Mr Lowe: My Lord Chairman, I want to clarify
to Lord Jones that I was not suggesting that the Lords should
be more confrontational. There are many occasions when the public
appreciates and realises that the Lords is the scrutinising body.
I was only saying that there are fewer times when that scrutiny
by the Lords comes to a head, if you like, around a news story
or around a news event. There are fewer times that that happens
in the Lords than it happens in the Commons, but, in a way, the
beauty of the Lords is that it is more gentle and scrutinising,
as you have suggested.
Q291 Baroness Billingham:
We are a very different place from the House of Commons and we
are also very different from the European Parliament. If I had
wanted to speak to you, Simon, when I was in the European Parliament,
we would have fought over two minutes in order to speak. We did
not have long periods; we only had very short moments. My office
would put out a press release and send it straight to you. Are
you really suggesting that we modernise ourselves to such an extent
that 600 or however many of us would put out press releases to
you? I think that would completely defeat what you are trying
to achieve. Maybe we ought to have some consensus view of what
sort of information it would be best for you to receive in order
to make your life easier, in order to reflect what is going on
in the Lords.
Mr Mares: We are different beasts, are we not?
Q292 Baroness Billingham:
Yes.
Mr Mares: Peter's role is different from mine
and from Tony's. Mine particularly is to represent the regions.
My colleague Gerry Foley is on Tyne Tees, for instance. I asked
my colleagues for stuff beforehand and they have done quite a
bit of stories from the Lords, people talking about the issues
of the rail line or one of the Bishops from the North East talking
about the problems of unemployment where it was located in the
region. If you are talking about whether you should alert us to
something that is going on, if you are talking about something
that is happening in Northampton or whatever, then I am sure Anglia
or Central would be interested. It does not come to me. That would
help, yes. We are overwhelmed with information. With the best
will in the world, you cannot watch everything all the time. If
somebody says, "You might be interested in this," it
would help. That does help.
Chairman: We are going to follow on,
particularly, on the question of the experience and expertise
of the Lords.
Q293 Lord St John of Bletso:
Peter, in your paper you said that to many members of the public
the House of Lords "still feels like a cloistered arcane
place they don't understand." I entirely agree with that.
A suggestion made by the BBC as well as yourselves was that the
House could do more to promote its Members by presenting a database
of the experience and expertise of peers, so that they could be
available for interviews. Do you think this suggestion would be
well received by other broadcasters? Certainly the public, in
the submissions we have had from others, really have no idea of
the depth of experience of Members on subjects and certainly from
our side we would like to be more proactive in interview.
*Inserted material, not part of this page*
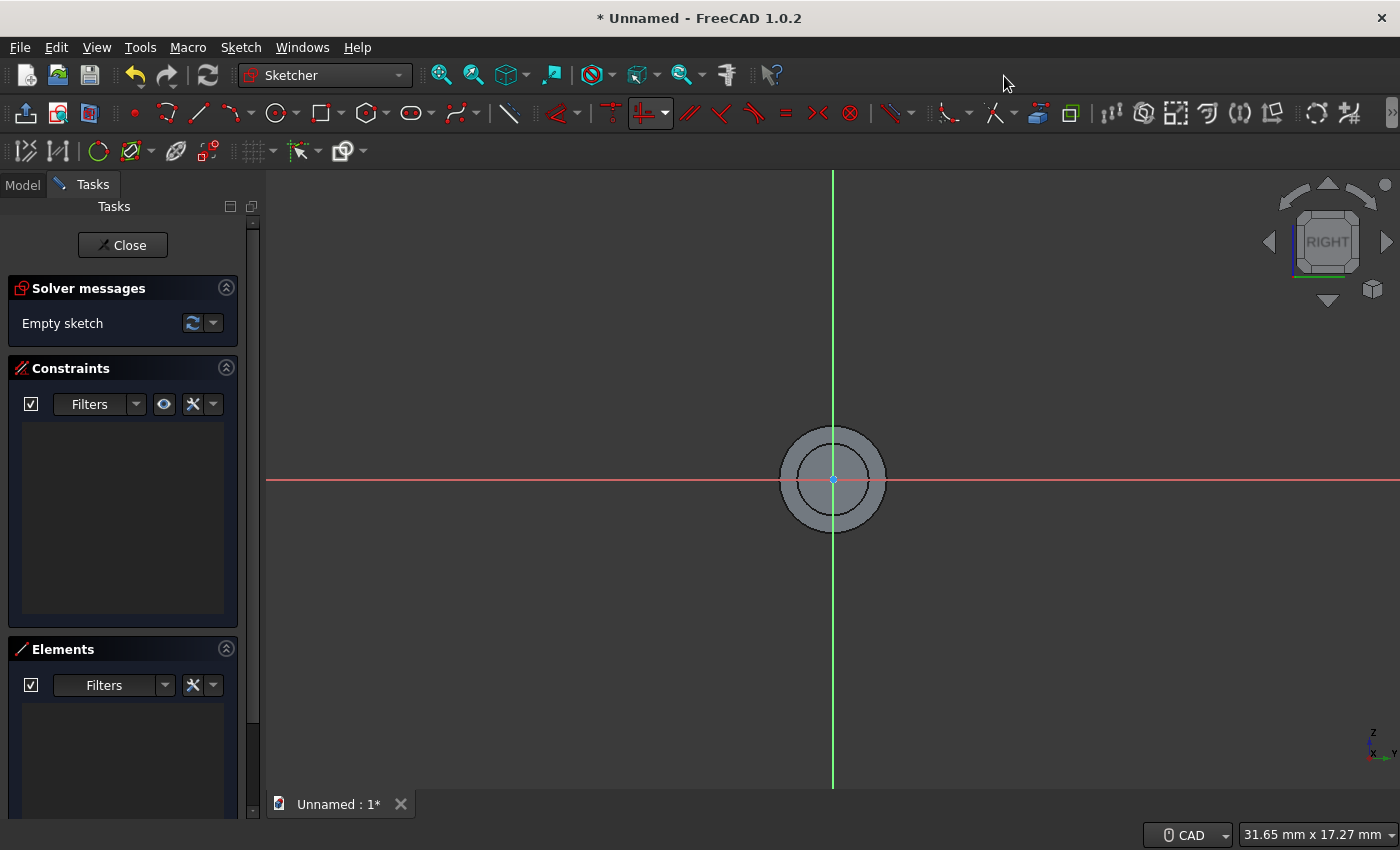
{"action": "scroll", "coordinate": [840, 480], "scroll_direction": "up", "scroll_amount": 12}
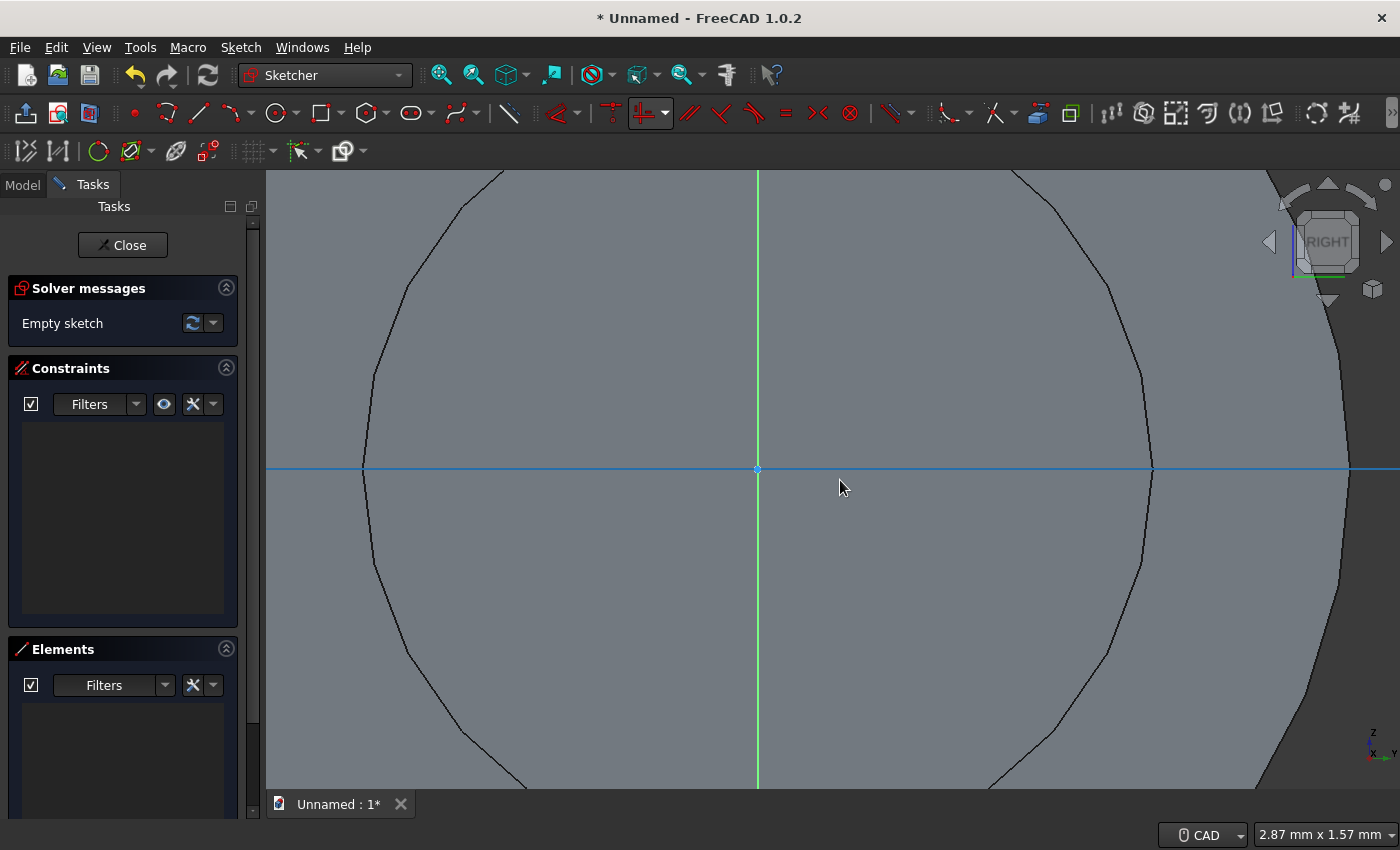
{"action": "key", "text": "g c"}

Mr Lowe: I certainly think it would be worth
being more proactive. I can see at least three Members of the
House of Lords in this room who have appeared on Sky News on a
number of occasions, but the point I was trying to make is that
across a 24-hour news agenda you cover myriad subjects that we
deal with on a daily and yearly basis, some of them of great national
importance, some of them merely of interest en passant,
and in the House of Lords there is an enormous amount of experience.
There are certain Members of the House of Lords who are the most
eminent people available to speak on certain subjects but, with
exceptions, we rarely get them on the air. I think it is probable
quite often that our own journalists do not know enough about
who those people are. Very often journalists in newsrooms (not
necessarily in Westminster) will say, "Let's get the Chairman
of the Transport Committee" but they mean the Chairman of
the House of Commons Transport Committee, because they are more
used to that. Whether Members of the House of Lords like it or
not, to most people, as I have said, it is an arcane place because
not much of its workings are seen. You could say that is partly
our fault, of course, but there is an issue of access, there is
an issue of availability of Members. Certainly when I discussed
this with our Political Editor Adam Boulton we were agreeing that
very often, if you contact Members of the House of Lords, they
are not available. Of course they may be not available for perfectly
good reasons, in the same way that Members of the House of Commons
often are not, but Members of the House of Commons I think are
much more active in getting their views across than Members of
the Lords necessarily are.
Q294 Baroness Coussins:
Could I follow that up. I do think it must be very frustrating
for you, as it is for us, when you are trying to get hold of one
of us and we are not available. I think there might be a particular
problem with Cross-benchers like me, because amongst my colleagues
on the Cross-benchers will be some of the most eminent people
whom you might want to get to make a comment about something specific
but the trouble is that a lot of us are not here full time. We
have been appointed as Cross-benchers because we have expertise
that we are still practising in the outside world and a lot of
us do not have offices. I have a desk which I share with two other
people and I do not have any staff. I think quite a few people
will fall into that category. If we were to be more like a university,
which one of you at least suggested in your written submissions,
and provide you with a database of all our areas of expertise,
what would we need to do to make that work for you and for us?
Given the 24-hour news agenda if some of us are not here all the
time, what else do we have to do to make that function to the
satisfaction of both our sides?
Mr Castle: I think that is an absolutely perfect
idea for contacts. We all have a system of contacts between us
and we have numbers, but it is up-to-date contacts, it is email
addresses. It is having methods of getting in touch with people
and something that is quite easily researchable for people's expertise,
on where we should be directing and why.
Q295 Chairman:
Are you saying, in very basic details, that those of us who are
interested should send you each a piece of paper about ourselves?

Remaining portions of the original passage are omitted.